Su un gruppo di pazienti sono emerse diverse 'défaillance' cognitive nei guariti dal covid, dalla riduzione della velocità di elaborazione delle informazioni, alla riduzione delle capacità di comprensione del linguaggio
Infettivologia

Le persone ricoverate per covid potrebbero perdere fino a 10 punti di quoziente intellettivo nei sei mesi successivi all'infezione, ovvero una perdita intellettiva pari al declino cognitivo cui mediamente si va incontro dai 50 ai 70 anni. Anche se al momento non è chiaro quanto questi danni cognitivi siano permanenti, dato l'ampio numero di individui colpiti gravemente dal covid nel mondo l'impatto complessivo potrebbe essere enorme. Lo rivela uno studio condotto presso l'Università di Cambridge e anticipato da New Scientist.
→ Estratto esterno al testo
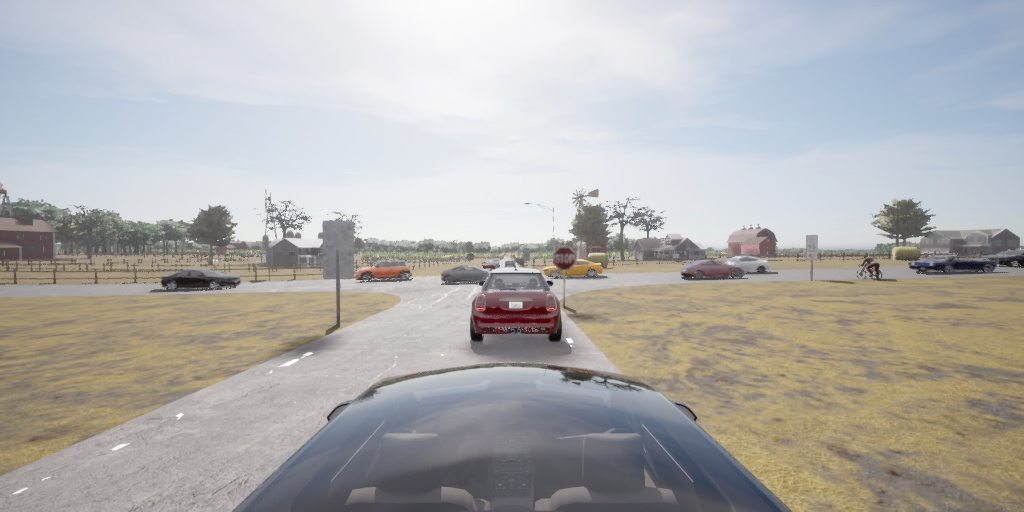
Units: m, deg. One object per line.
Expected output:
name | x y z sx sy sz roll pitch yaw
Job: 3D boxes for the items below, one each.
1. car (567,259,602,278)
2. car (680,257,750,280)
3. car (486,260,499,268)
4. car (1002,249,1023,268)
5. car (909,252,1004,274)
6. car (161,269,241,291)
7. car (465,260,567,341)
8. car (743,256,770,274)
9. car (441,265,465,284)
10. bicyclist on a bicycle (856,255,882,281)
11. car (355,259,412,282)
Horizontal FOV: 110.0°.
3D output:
car | 5.096 1.054 30.448 5.008 1.535 1.882 -2 0 0
car | 14.874 0.973 26.776 4.181 1.385 1.994 -1 1 0
car | -3.244 1.342 60.677 1.994 1.385 4.181 0 0 0
car | 43.177 0.166 30.558 5.008 1.535 1.882 -1 1 0
car | 32.985 0.592 26.848 4.718 1.301 1.895 -1 1 0
car | -23.009 1.690 26.622 5.008 1.535 1.882 -1 1 0
car | 0.110 1.099 10.019 2.097 1.767 4.553 0 0 1
car | 19.290 0.762 30.490 4.674 1.442 1.812 -2 1 0
car | -3.128 1.340 26.724 4.181 1.385 1.994 -1 0 0
bicyclist on a bicycle | 22.792 0.745 22.911 0.582 1.620 1.656 -1 0 0
car | -11.159 1.230 31.190 4.553 1.767 2.097 -2 1 -24
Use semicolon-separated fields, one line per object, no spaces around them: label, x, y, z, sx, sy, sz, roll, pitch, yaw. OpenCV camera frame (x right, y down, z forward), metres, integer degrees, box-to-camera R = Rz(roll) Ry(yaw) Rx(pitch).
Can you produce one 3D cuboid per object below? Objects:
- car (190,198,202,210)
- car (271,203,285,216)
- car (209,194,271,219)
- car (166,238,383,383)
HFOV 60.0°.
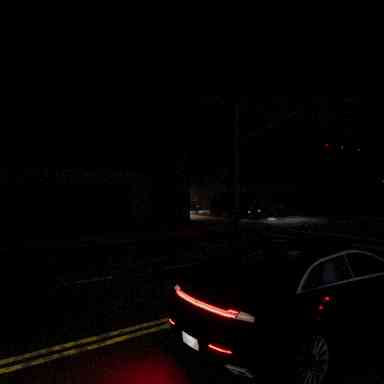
car;-0.776;1.489;41.552;2.128;1.511;4.902;0;0;-37
car;6.507;1.475;31.796;1.882;1.535;5.008;0;0;-37
car;3.859;1.222;29.495;2.150;2.045;5.566;0;0;-37
car;1.954;1.491;5.223;4.902;1.511;2.128;0;0;-35
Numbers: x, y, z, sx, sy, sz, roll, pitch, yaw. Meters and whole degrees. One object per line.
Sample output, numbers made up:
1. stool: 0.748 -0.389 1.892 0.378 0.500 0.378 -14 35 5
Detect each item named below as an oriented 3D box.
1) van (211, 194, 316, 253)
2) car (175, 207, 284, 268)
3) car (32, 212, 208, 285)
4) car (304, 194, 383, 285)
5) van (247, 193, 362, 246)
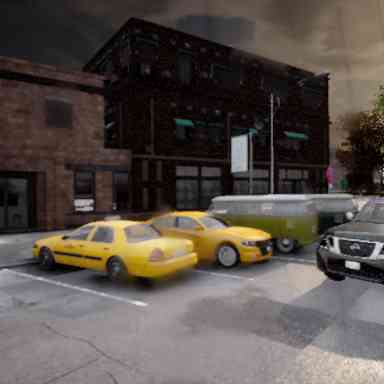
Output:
1. van: 2.470 1.141 12.899 4.442 1.987 1.878 -1 0 34
2. car: 0.157 1.417 11.074 5.008 1.535 2.097 -1 0 34
3. car: -2.416 1.462 9.397 5.366 1.575 1.946 -1 0 34
4. car: 5.531 1.104 8.474 5.566 2.045 2.150 -1 1 -36
5. van: 4.889 1.088 14.673 4.442 1.987 1.878 -1 0 34
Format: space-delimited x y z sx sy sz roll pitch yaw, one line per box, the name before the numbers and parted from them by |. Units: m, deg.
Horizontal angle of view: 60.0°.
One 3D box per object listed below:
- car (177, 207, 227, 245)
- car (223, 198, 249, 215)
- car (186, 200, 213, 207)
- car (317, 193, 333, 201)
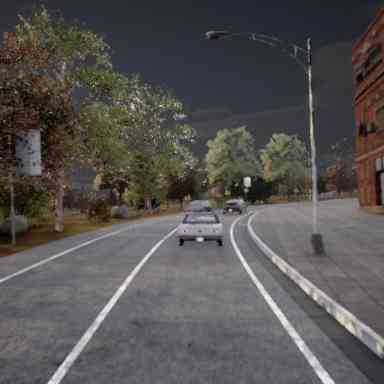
car | 0.480 1.594 15.538 1.895 1.301 4.718 -1 0 4
car | 4.407 1.416 33.213 1.837 1.490 4.892 -2 0 20
car | 0.688 1.537 33.001 1.837 1.490 4.892 -3 -1 20
car | 25.725 0.925 65.255 4.902 1.511 2.128 -2 -3 -37

Gli esperti hanno confrontato l'esito di diversi test cognitivi eseguiti sei mesi dopo l'infezione su 46 pazienti ricoverati per covid, confrontandoli con l'esito di test cognitivi eseguiti su una popolazione di controllo di 66 mila individui.

Sono emerse diverse 'défaillance' cognitive nei guariti dal covid, dalla riduzione della velocità di elaborazione delle informazioni, alla riduzione delle capacità di comprensione del linguaggio. Studi precedenti hanno anche dimostrato che il covid incide sulla capacità di usare lo zucchero come 'benzina' da parte di aree neurali nevralgiche per attenzione, memoria di lavoro, risoluzione dei problemi.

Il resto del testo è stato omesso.